Problem requirements:
Line count for "name": state how many lines of the data below include it, and output nothing more.

Material provided:
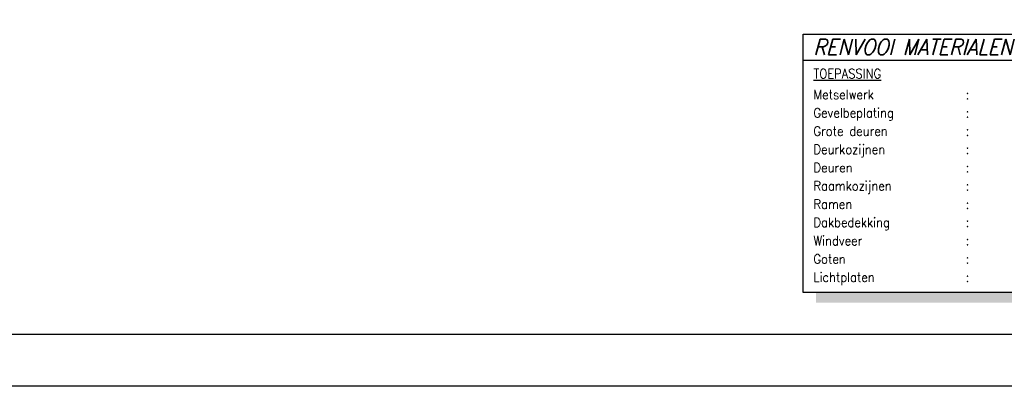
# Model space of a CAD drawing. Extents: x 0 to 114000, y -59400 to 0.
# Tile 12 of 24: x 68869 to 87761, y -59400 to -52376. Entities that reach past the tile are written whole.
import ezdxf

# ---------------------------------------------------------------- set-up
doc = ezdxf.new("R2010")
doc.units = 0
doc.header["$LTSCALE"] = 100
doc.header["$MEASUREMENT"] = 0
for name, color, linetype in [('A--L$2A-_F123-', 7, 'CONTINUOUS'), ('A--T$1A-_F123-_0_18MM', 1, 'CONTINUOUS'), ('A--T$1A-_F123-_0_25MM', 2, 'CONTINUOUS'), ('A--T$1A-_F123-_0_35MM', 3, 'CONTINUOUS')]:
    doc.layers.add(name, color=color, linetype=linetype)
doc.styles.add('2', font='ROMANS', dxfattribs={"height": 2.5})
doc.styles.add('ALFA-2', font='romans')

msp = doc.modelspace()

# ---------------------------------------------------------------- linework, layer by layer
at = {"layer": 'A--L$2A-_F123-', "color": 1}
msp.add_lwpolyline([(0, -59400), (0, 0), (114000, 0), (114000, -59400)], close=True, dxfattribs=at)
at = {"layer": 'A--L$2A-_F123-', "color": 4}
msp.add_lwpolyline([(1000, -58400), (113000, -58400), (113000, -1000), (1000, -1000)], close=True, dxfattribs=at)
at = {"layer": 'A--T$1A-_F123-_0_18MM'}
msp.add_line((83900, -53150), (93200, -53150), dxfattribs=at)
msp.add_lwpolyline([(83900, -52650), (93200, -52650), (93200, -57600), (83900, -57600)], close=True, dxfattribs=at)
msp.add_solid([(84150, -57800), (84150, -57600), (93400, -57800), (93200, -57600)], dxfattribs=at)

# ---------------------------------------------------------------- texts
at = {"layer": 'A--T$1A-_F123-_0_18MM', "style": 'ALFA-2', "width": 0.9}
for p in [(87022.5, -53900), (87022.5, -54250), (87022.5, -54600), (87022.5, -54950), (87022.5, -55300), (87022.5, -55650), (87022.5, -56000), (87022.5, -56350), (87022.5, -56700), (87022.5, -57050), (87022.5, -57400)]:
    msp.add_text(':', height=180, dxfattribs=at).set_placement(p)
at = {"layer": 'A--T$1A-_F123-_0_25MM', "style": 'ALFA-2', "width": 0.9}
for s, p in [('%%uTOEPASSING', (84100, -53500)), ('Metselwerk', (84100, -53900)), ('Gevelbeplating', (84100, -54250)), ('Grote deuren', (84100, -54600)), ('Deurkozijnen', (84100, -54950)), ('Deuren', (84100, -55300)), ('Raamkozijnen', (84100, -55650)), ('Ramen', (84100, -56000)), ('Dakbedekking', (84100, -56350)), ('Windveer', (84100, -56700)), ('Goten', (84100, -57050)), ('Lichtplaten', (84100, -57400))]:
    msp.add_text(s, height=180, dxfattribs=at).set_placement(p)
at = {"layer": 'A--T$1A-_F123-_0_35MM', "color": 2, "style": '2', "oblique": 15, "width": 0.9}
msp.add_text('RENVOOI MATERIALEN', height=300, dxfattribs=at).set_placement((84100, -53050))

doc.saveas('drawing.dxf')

Answer space:
2